America and Britain could become global naval powers because we never had to simultaneously build large armies to protect our homelands. The Kaiser’s Germany and the Soviet Union could build up a navy to rival the best, but the demands of land defense crushed their attempts in time. China, too, will find itself caught between being a dominant land power and a dominant sea power. They will fail at one or both aims.

And with the one-child policy, how eager will Chinese parents be to send their only children to war?

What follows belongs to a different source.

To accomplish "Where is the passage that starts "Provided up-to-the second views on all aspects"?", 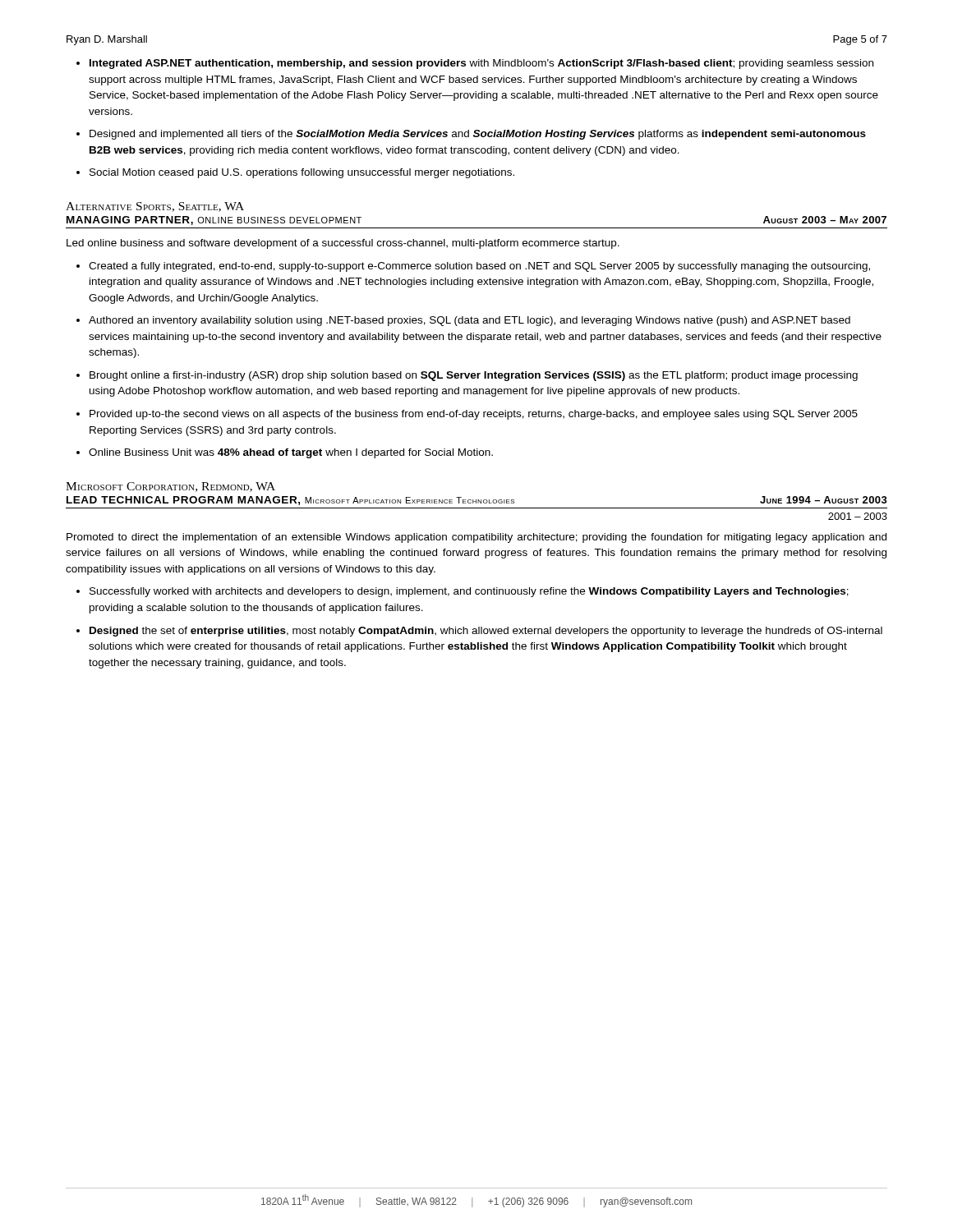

Plus, the very progress that makes China more dangerous makes China more vulnerable. Precision weapons make this vulnerability of factories, ports, and infrastructure more acute. For a Chinese leadership used to thinking of themselves as just a devoted mass of people virtually invulnerable to even nuclear attack, this new vulnerability may not even be fully appreciated as they revel in their new emerging power to project military forces away from the mainland. Although America’s economy is far more advanced and complicated, and hence vulnerable, we defend far away from our homeland. Any attacks on our homeland from the Chinese will be difficult to engineer and sporadic. Unless China conquers Russia’s Far Eastern provinces, South Korea, Japan, the Philippines, Vietnam, Australia, and India, China will face the prospect of defending its homeland from direct land and air attack from day one of a war.

I would not want to trade strategic positions with China no matter how much talk there is of a rising China.

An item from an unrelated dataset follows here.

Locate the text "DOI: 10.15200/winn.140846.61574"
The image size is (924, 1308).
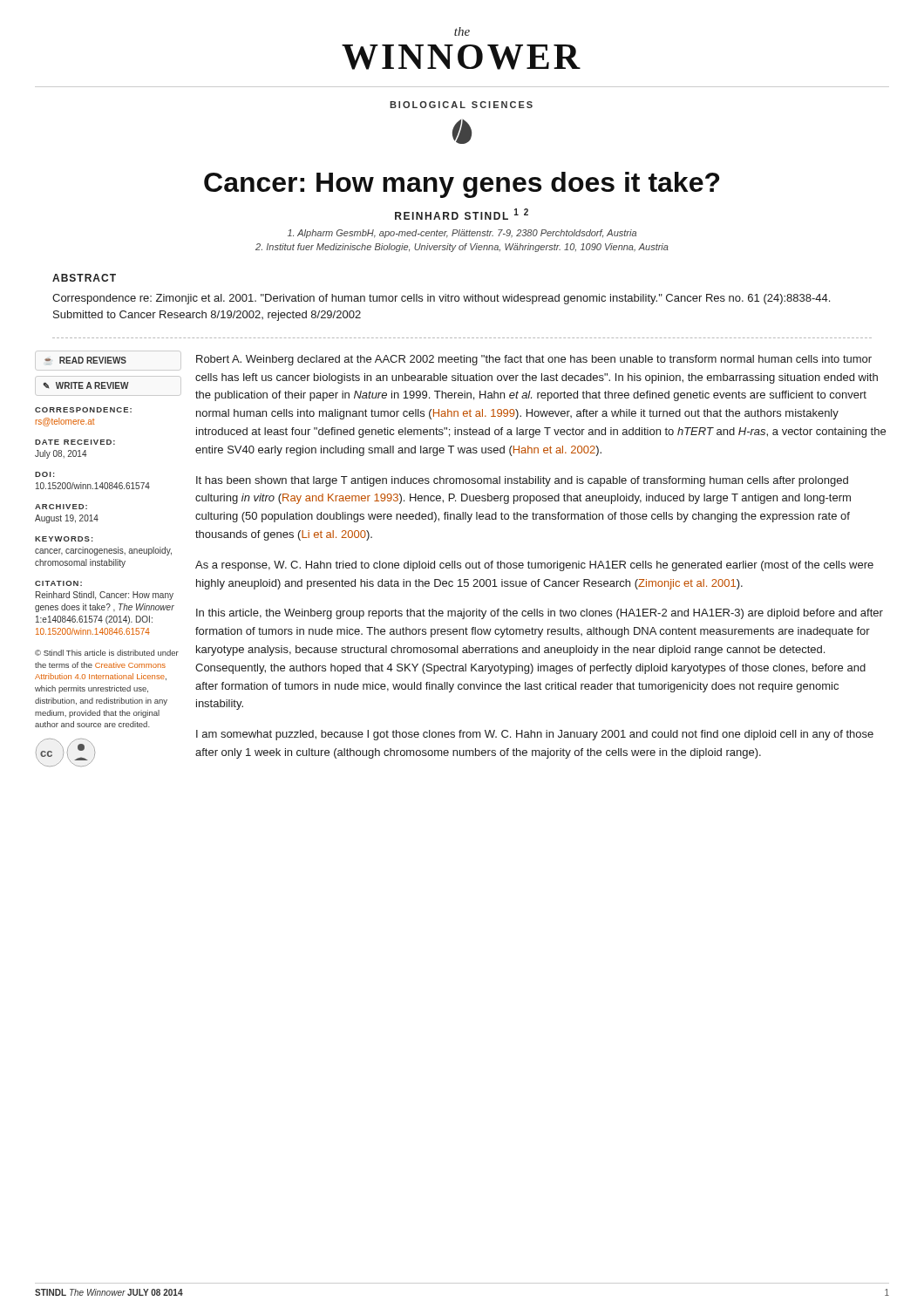tap(108, 480)

And we haven’t even discussed whether the Chinese can hold the lid on a population that might want political freedoms along with its economic freedoms. Political freedom might be nice to protect their only children, too.

Or maybe China will evolve into a friendly democracy. Stranger things have happened.

I'm not in the "sky is falling" camp about China. I doubt they will surpass America in power. And if they do, not only will it be quite a while before that time arrives, but they have a lot more to worry about than we do. But, as I've said many times, China does not have to reach rough parity with America to be a threat to us and challenge our allies and forces in China's backyard. Recall that Japan in 1941 had an economy that was a tenth of America's (I'm going on memory, so don't hold me to a hard number). Yes, we won by 1945. But Japan's determination to fight on let them punch above their weight and cost us dearly to beat them even if you can say it was an "inevitable" victory based on economic disparity.

So be wary of China. Yes, we are far mor powerful and if we apply our power we can win a fight with the PLA. But they do have the capability of beating us in localized conflicts, even today. No guarantees since I can't know how each side will fight, who will fight, where the fight will be, what the fight will be about, and how determined each side will be.

We need to make sure our power is strong enough to reassure allies to remain with us and to persuade others to join us. Reach out to allies and potential allies to cooperate. We aren't the only ones to worry about China's intentions and power. Japan draws closer. Australia, too. India sees advantage to joining us. Vietnam would like a friend, too. Singapore looks solid for us. I worry about South Korea but right now they are still with us. Even Russia, I think, will in time become strong enough to stop their junior appeasing partner mode. Moscow may have some vague hope that America and China will fight to bring us both down a notch compared to Russia; but in time Russia's fear of China will reassert itself. And Taiwan, too, will likely stick with us. The question is whether they will pay to defend themselves long enough to make that attitude matter. And the only situation where Taiwan might want to join China voluntarily is if China is a free democracy. Then we won't care.

But don't panic. Don't assume China will rise past us. They have lots of problems, too.